**About this exercise:**
Without copying any picture, transcribe exactly the lines of the data below from the one containing "I'd like you" through the one containing "Fill in this".

Top of Input data

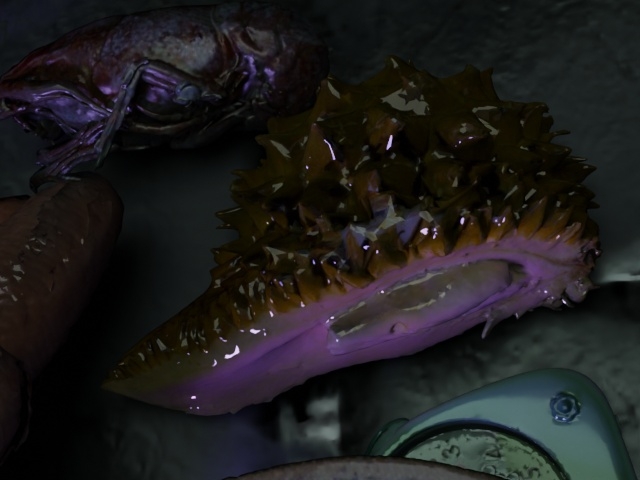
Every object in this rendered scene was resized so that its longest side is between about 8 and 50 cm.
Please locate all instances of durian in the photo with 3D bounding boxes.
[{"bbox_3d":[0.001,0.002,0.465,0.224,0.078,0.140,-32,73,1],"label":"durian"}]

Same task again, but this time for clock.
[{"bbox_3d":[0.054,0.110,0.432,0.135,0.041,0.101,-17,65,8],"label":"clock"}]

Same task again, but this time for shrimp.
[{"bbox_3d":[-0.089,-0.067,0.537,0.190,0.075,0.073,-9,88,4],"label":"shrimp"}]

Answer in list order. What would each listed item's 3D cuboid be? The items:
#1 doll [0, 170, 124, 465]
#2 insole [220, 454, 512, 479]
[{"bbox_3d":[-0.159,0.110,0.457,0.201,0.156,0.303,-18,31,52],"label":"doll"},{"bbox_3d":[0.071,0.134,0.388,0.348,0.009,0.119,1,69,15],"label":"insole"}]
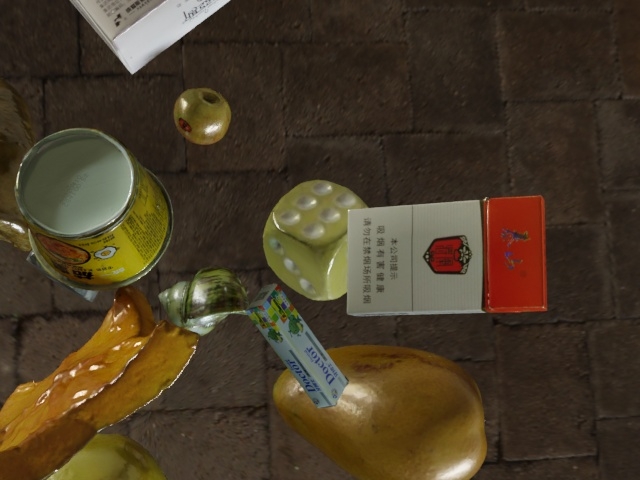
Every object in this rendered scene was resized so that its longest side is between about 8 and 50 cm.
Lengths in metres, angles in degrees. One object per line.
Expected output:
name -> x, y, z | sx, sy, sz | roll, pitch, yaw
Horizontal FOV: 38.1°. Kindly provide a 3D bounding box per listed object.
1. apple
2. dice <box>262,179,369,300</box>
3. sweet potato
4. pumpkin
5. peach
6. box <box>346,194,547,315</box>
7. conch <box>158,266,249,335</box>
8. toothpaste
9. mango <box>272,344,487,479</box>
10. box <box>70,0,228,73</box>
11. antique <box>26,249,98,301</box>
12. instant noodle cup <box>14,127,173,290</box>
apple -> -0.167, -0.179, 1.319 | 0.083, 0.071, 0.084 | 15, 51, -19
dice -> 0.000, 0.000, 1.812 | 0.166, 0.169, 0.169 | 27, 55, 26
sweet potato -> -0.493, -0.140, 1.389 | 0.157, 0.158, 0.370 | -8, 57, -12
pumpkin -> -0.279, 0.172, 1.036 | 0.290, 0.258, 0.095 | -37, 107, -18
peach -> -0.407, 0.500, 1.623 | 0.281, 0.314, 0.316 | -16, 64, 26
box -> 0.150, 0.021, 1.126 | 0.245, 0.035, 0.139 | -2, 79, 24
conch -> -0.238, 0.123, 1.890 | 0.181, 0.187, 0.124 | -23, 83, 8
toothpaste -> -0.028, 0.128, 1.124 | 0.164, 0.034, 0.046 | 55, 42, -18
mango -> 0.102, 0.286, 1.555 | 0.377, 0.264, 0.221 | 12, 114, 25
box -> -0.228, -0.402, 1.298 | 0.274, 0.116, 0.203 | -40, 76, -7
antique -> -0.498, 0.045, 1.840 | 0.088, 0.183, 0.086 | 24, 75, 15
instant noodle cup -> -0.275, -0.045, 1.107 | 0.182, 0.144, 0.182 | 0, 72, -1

Bottom of Input data
Top of Input data

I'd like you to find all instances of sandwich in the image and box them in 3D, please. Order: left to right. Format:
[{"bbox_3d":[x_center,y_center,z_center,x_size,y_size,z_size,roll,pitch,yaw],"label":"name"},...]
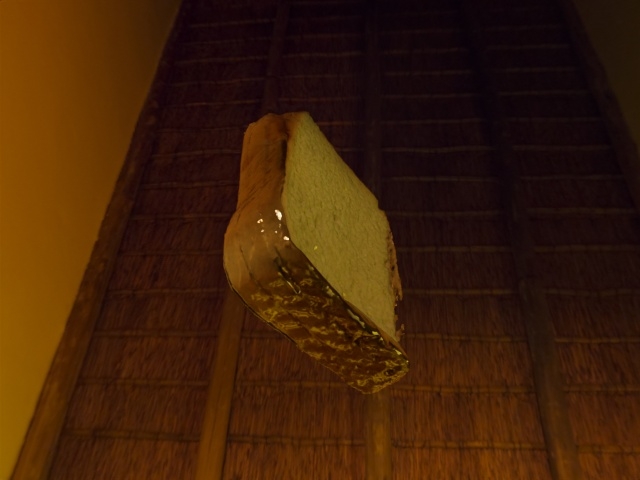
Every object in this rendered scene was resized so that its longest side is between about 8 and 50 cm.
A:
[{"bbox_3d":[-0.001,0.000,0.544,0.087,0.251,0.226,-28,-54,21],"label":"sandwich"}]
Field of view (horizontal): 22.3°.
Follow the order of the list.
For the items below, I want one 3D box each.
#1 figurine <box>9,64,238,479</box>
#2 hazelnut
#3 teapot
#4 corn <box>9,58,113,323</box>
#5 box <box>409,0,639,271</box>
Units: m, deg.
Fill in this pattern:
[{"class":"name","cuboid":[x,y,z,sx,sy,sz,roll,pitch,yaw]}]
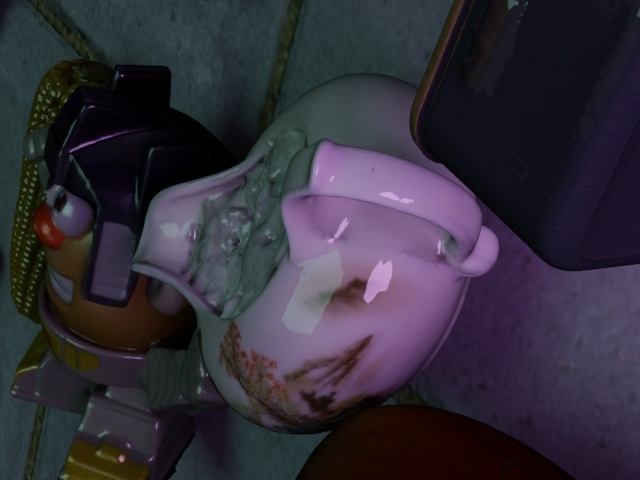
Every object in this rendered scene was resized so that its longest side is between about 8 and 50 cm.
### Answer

Bottom of Input data

**Solution for this task:**
I'd like you to find all instances of sandwich in the image and box them in 3D, please. Order: left to right. Format:
[{"bbox_3d":[x_center,y_center,z_center,x_size,y_size,z_size,roll,pitch,yaw],"label":"name"},...]
Every object in this rendered scene was resized so that its longest side is between about 8 and 50 cm.
A:
[{"bbox_3d":[-0.001,0.000,0.544,0.087,0.251,0.226,-28,-54,21],"label":"sandwich"}]
Field of view (horizontal): 22.3°.
Follow the order of the list.
For the items below, I want one 3D box each.
#1 figurine <box>9,64,238,479</box>
#2 hazelnut
#3 teapot
#4 corn <box>9,58,113,323</box>
#5 box <box>409,0,639,271</box>
Units: m, deg.
Fill in this pattern:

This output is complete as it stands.